2011 E&P Operations Review
During 2011, Southwestern invested a total of $2.0 billion in its E&P business and participated in drilling 708 wells, 447 of which were successful, and 261 which were in progress at year-end. Of the 261 wells in progress at year-end, 214 were located in the company's Fayetteville Shale play. Of the $2.0 billion invested in 2011, approximately $1.5 billion was invested in exploratory and development drilling and workovers, $227 million for acquisition of properties, $30 million for seismic expenditures and $199 million in capitalized interest and other expenses. Additionally, the company invested approximately $21 million in its drilling rig related equipment, sand facility and other equipment.
Fayetteville Shale – In 2011, Southwestern invested approximately $1.3 billion in its Fayetteville Shale play, which included approximately $1.2 billion to spud 650 wells, 580 of which were operated. The company increased its reserves in the Fayetteville Shale by 1.2 Tcf at a finding and development cost of $1.13 per Mcf (finding and development costs are considered by the SEC to be non-GAAP financial measures and have been computed below), including net downward reserve revisions of 15.3 Bcf due primarily to downward performance revisions of 14.1 Bcf and downward price revisions of 1.2 Bcf. Included in the company's total capital investments in the area during 2011 was $132 million in capitalized costs and other expenses and $10 million for the acquisition of properties.

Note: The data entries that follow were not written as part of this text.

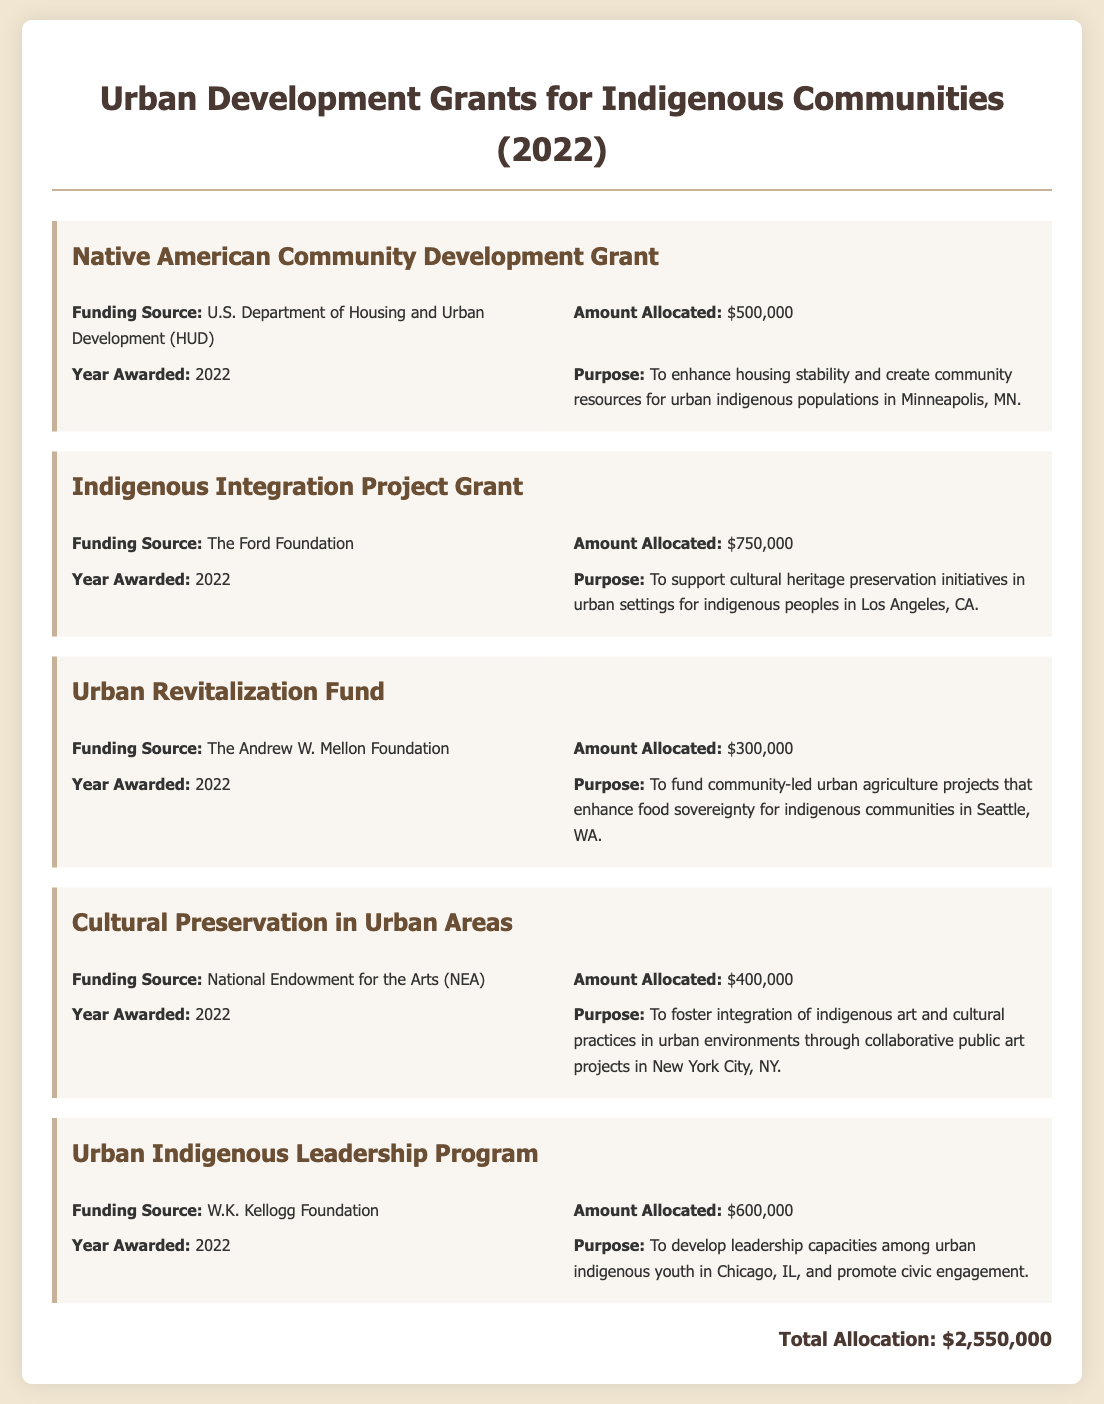What is the total allocation for grants? The total allocation is the sum of all individual grant amounts awarded, which equals $500,000 + $750,000 + $300,000 + $400,000 + $600,000.
Answer: $2,550,000 How much did the U.S. Department of Housing and Urban Development award? This amount corresponds to the specific grant named "Native American Community Development Grant."
Answer: $500,000 What is the purpose of the "Indigenous Integration Project Grant"? This purpose is clearly stated in the grant description and focuses on cultural heritage preservation for indigenous peoples.
Answer: To support cultural heritage preservation initiatives in urban settings for indigenous peoples in Los Angeles, CA Which foundation awarded $600,000 for indigenous community projects? This question requires recognizing the funding source linked to the specific grant amount among the listed grants.
Answer: W.K. Kellogg Foundation What year were these grants awarded? All grants included in the document mention the same year in which they were awarded.
Answer: 2022 Which city is associated with the "Urban Revitalization Fund"? The document provides a specific location for this grant within its purpose.
Answer: Seattle What is the name of the program aimed at developing leadership capacities? The question seeks to identify the specific title of the grant related to leadership.
Answer: Urban Indigenous Leadership Program Which grant was funded by The Ford Foundation? This question seeks to identify which specific grant corresponds to this funding source.
Answer: Indigenous Integration Project Grant

Southwestern's net production from the Fayetteville Shale was 436.8 Bcf in 2011, up 25% from 350.2 Bcf in 2010, as gross production from the company's operated wells in the Fayetteville Shale increased from approximately 1,635 MMcf per day at the beginning of 2011 to approximately 1,947 MMcf per day by year-end. The graph below provides gross production data from the company's operated wells in the Fayetteville Shale area through December 31, 2011.
(Photo: http://photos.prnewswire.com/prnh/20120227/DA60041-a)

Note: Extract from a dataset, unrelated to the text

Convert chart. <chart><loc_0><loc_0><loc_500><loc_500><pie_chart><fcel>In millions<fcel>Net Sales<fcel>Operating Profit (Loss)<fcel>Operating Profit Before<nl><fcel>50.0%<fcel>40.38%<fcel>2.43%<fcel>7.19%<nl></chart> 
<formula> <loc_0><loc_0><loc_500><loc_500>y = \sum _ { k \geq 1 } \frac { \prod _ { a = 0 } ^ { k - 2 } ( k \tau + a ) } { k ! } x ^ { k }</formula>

The company's total proved net reserves booked in the Fayetteville Shale at year-end 2011 were 5,104 Bcf from a total of 4,376 locations, of which 2,735 were proved developed producing, 59 were proved developed non-producing and 1,582 were proved undeveloped. Of the 4,376 locations, 4,310 were horizontal. The average gross proved reserves for the undeveloped wells included in its 2011 and 2010 year-end reserves was approximately 2.4 Bcf per well, respectively. Total proved net gas reserves booked in the area at year-end 2010 totaled approximately 4,345 Bcf from a total of 3,682 locations, of which 2,120 were proved developed producing, 36 were proved developed non-producing and 1,526 were proved undeveloped.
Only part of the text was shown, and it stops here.